Na teoria, a escola deveria construir valores morais dentro
de uma ótica social – sem nenhum viés de ensinar questões de profissão que
deveria estar a cargo da universidade – mas, na prática, não é isso que
acontece. Desde quando o Brasil foi colonizado, há uma grande dificuldade de se
ter uma escolarização de verdade com qualidade, o que vimos, sempre a escolarização
foi uma máquina de construir pessoas doutrinadas. Quando éramos colônia de um país
ainda feudal e seguidor da escolástica, existia o mito do padre que pregava que
os meninos só eram educados se virassem padres, afinal, eram os detectores do
conhecimento. A nossa educação escolar sempre foi avessa a crítica porque ela sempre
foi doutrinaria, mesmo hoje, é muito difícil você ensinar uma visão crítica sem
receber a pecha de “comunista”. Porque o comunismo quer acabar com a sociedade
e a família – não é isso que Marx escreveu – mas, o outro lado que se diz
conservador (vide tradicionalista) são os que mais traem ou gostam de programas
de tv duvidosos.
O professor Cristiano (Fábio Porchat) – do filme do Danilo Gentili
– é uma sátira do professor esquerdo-macho que tem tendencias a pedofilia. Claro,
não gosto do tipo de humor que o Gentili faz, me soa escroto e exagerado, mas,
censurar um filme não me parece uma tática eficaz de denunciar que duas crianças
fizeram a cena. Mesmo o porquê, fizeram propaganda do filme de graça para ele. E
no mais, só reforça a minha análise de uma cultura doutrinada a não mostrar críticas
da própria sociedade. Meus textos de crítica não são lidos. Por quê? A sociedade
não gosta de críticas dela mesma, gostam de críticas dos políticos, dos
artistas, dos apresentadores etc. Porque gosta de jogar a culpa sempre no
outro, sempre as decisões são dos outros, sempre são os outros que não sabem
fazer.

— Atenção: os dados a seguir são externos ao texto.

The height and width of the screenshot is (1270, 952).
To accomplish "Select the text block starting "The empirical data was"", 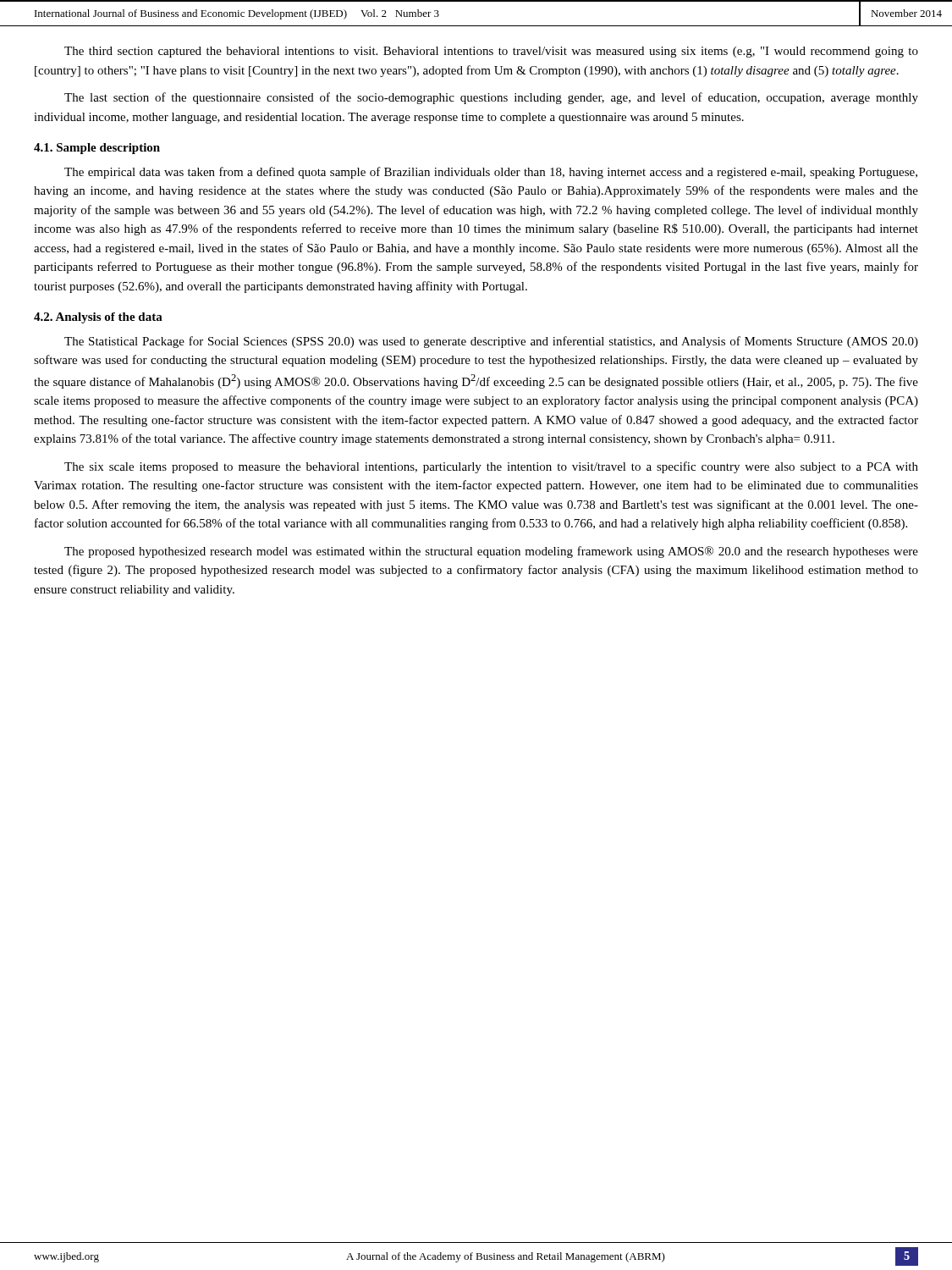I will [476, 229].

Como disse Sartre, o inferno são sempre os outros, porque temos necessidade
de proteger nossas próprias opiniões.
Como nos anos 80, uma Gretchen aparecer num programa como o Bozo
era diferente se ela aparecesse um programa como do Gugu (Augusto Liberato),
porque tem que ver todo o contexto que isso se processa. Uma criança não tem
uma mente sexualizada como os adultos têm, e isso, tem a ver com o conceito da
sexualidade que uma cultura é construída. Como já disse, um conceito é aquilo
que damos nomes, damos conotações. É um julgamento de juízo sobre a exige da
moral, por outro lado, pode ser um nome para separar de outras circunstâncias que
o fato trás. Posso achar uma barata nojenta e uma borboleta linda e isso, são conceitos
de nojento e de lindo. Ora, alguns podem dizer que a Gretchen não poderia estar
no programa do Bozo (por ser um programa infantil), mas, outros já tinham uma visão
mais aberta e diziam que as crianças não tinham maldade. Na verdade, o SBT
(Sistema Brasileiro de Televisão) sempre teve uma visão popular e a visão popular
é essa – mesmo que religiosos fanáticos não concordem – porque é uma visão periférica
da sociedade. Na essência, sempre foi. Pinturas em paredes ainda conservadas
romanas – geralmente, de pompeia – mostram essa visão sexualizada social latina,
onde “porne” era o adjetivo de “meretrizes”,
Será mesmo que sabemos o que é conceito e como fazemos para
interpretar esses conceitos? Tenho minhas dúvidas.